17段、18段なんて、1階の高さより高いんですもんね。
かつて池谷直樹さんが22段でしたか、飛んだのを見たときは、総毛立ちました。
何が好きって、飛ぶ前の、助走に入る瞬間の真剣な顔がたまらんです。
滑るような走りから、ロイター板に踏み込み、ふわっと宙に浮く。あの美しさったらないですわ。

一点に集中したときの、男の人の真剣な顔は、不機嫌なときとよく似た顔つきになります。
真剣なときと不機嫌な時が似てるっていうのも面白いですね。
勝負に入った瞬間、みんな顔つきが変わる。
ジャッキー・チェンの映画でも、それまで眠ったようにぼやけた顔をしていたジャッキー・チェンが、きゅっとひきしまった表情になるのがたまらなく好きでした。

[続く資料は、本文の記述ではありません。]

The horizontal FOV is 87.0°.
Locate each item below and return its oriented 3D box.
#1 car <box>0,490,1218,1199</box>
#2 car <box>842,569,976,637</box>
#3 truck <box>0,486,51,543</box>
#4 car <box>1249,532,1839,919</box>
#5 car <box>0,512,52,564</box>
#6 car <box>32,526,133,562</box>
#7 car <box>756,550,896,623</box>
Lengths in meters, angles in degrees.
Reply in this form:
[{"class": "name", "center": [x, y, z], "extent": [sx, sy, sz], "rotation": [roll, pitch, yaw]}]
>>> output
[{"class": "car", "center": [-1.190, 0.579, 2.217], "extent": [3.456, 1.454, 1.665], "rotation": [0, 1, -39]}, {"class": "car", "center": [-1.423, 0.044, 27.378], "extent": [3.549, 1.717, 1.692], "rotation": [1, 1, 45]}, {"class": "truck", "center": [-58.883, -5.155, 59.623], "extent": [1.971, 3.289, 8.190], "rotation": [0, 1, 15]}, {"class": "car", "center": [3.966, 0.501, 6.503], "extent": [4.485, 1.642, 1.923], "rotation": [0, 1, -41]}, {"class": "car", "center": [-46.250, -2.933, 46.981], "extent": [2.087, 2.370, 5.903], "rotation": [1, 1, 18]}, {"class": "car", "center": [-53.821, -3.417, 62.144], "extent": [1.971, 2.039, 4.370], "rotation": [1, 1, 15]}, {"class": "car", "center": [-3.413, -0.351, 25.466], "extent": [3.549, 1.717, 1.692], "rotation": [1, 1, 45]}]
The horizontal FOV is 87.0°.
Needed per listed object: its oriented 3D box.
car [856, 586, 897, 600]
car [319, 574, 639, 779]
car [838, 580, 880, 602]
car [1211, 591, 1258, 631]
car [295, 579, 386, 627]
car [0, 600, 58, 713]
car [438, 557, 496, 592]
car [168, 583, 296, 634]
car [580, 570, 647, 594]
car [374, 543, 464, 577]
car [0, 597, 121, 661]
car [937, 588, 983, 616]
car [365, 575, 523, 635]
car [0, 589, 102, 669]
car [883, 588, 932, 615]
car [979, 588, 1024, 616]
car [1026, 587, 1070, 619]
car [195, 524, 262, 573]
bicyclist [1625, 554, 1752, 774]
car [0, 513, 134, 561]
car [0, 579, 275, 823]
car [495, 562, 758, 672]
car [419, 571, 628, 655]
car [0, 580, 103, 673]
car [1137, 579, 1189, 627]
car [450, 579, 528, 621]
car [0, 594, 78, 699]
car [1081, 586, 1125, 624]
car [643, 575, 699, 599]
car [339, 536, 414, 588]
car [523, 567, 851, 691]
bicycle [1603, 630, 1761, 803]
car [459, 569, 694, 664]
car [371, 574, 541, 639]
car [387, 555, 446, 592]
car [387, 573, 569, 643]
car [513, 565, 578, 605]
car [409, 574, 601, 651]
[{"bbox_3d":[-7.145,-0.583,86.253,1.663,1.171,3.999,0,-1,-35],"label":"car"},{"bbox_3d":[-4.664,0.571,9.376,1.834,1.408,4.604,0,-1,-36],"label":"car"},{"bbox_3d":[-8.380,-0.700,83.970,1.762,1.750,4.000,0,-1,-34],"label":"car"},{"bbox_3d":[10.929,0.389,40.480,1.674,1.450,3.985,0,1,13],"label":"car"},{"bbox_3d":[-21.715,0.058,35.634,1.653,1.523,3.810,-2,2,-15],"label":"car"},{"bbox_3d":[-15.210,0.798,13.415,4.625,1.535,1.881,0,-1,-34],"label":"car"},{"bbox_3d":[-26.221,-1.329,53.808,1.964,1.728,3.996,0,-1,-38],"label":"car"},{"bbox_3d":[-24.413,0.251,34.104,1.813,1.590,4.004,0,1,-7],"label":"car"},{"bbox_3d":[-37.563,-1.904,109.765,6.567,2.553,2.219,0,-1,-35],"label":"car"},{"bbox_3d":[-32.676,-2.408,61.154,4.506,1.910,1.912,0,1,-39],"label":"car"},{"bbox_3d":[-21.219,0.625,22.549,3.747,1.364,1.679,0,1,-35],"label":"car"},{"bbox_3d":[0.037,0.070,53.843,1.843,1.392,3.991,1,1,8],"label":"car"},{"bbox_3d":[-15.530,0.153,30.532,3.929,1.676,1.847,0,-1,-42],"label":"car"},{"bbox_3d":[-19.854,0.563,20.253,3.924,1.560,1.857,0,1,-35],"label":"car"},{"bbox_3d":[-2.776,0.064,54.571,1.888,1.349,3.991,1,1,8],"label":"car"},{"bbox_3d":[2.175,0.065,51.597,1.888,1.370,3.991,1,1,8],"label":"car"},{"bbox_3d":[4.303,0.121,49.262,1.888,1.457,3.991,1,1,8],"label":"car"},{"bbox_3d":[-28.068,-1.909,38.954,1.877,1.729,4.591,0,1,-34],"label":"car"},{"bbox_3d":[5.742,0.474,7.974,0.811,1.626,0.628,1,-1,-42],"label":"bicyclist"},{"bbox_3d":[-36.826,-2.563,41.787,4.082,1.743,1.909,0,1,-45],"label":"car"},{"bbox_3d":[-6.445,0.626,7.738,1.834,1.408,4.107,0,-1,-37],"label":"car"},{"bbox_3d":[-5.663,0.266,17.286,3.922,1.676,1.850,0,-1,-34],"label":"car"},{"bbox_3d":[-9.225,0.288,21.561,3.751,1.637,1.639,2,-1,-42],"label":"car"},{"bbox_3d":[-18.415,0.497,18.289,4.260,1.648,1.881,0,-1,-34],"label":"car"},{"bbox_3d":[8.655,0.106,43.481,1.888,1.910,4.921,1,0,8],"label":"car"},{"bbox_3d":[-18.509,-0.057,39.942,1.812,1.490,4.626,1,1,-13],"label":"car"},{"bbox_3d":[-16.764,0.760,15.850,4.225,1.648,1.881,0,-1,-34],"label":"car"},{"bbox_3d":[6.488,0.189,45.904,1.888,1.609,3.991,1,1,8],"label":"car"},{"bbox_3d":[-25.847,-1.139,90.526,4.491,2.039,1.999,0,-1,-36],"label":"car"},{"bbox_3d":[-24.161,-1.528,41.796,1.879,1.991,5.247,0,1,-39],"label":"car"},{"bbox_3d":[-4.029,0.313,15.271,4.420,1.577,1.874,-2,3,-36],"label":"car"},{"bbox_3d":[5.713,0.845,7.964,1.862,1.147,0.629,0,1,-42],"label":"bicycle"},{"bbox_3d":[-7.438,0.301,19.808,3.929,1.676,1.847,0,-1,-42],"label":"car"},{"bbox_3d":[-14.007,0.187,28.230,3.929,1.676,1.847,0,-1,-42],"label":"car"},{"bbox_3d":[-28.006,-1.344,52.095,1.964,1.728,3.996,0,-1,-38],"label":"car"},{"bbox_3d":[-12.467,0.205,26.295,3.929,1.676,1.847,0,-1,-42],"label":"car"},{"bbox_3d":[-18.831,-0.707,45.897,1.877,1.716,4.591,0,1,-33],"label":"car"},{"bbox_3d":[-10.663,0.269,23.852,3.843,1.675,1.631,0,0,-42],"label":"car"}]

男性の本質はやはり闘争状態にあるのかもしれませんねえ。

昨日、「黄金を抱いて翔べ」を観てきました。
決して痛快でも爽快でもない、むしろ哀しさすら漂うような、重苦しい雰囲気の映画でありました。「面白かった~」と脳天気に言い放つことはできないんですが、ずっしりとした見応えのある映画でした。
映画を貫く感性というか理屈は、きわめて男性的だなと思いました。
井筒監督の作品を観るのはこれが初めてだったのですが、非常に男っぽい、男の映画でした。
それは裏を返せば言葉による描写や説明が極端に少ない、ということでもありまして、背景や事情はなんとなく推測するしかない感じ。こういう行動をとっているのだから、たぶんこういうことなんだろうなあ、とぼんやり推測しながら見ていました。
推測の材料はあちこちに転がっているんですけどね。ちょっとした情景や、表情や、雰囲気が、言葉より雄弁に物語る、とでもいいましょうか。
そういうあたりは、私としては若干物足りなくて、「ちゃんと言葉で言えやむかっ」と何度も思っちゃいましたけどね~(笑)
でもまあ、言わないのが男であり、言えないのが男なのかもしれません。

6人の男たちのすべてに共通するのが、不機嫌な表情。もしくは、感情が抜け落ちたような暗い穴蔵のような表情。
幸田を演じた妻夫木くんは、深い深い穴を覗きこんだ時のような、真っ暗で虚無的な目をしてました。非常に魅力的でしたよ。それでいて、他人と関わるときには、ふっと穴をふさぐように易しさのベールをまとうのです。
北川春樹役の溝端淳平くんもまた、見たことがないような暗い顔をしてましたっけ。あれもまたよかったなあ。どういう理由からなのか、映画ではギャンブル依存症でリストカッターという設定になっていて、しかも兄(浅野忠信さん)と二人で育ってきたという設定のせいなのか、ご飯の食べ方がものすごく無残だったんですよ。握り箸で犬のように器に顔をつけてかきこむ、というような。この人物造形がすごかった。精神の不安定な春樹という人物を、そのワンシーンだけで表現していました。
浅野忠信さんは、ただ一人、時折笑顔を見せる役だったんですけど、その笑顔がまた怪しいんですね。どこか破綻しているような、危うい感じがにじみ出ていました。

現実の世界では決してお近づきになりたいような人たちではないんですが、映画の中の人物なら、安全圏からじっくり眺めることができます。そういう意味でとても好ましい男性たちばかりでした。うん、かっこいいといってもいいかもしれない。バカばっかりでしたけどね(笑)

男の人は、自分や同性と戦っている時がもっとも魅力的なのかもしれないなあと、ショットガンタッチを見ながら思う秋の夜でした。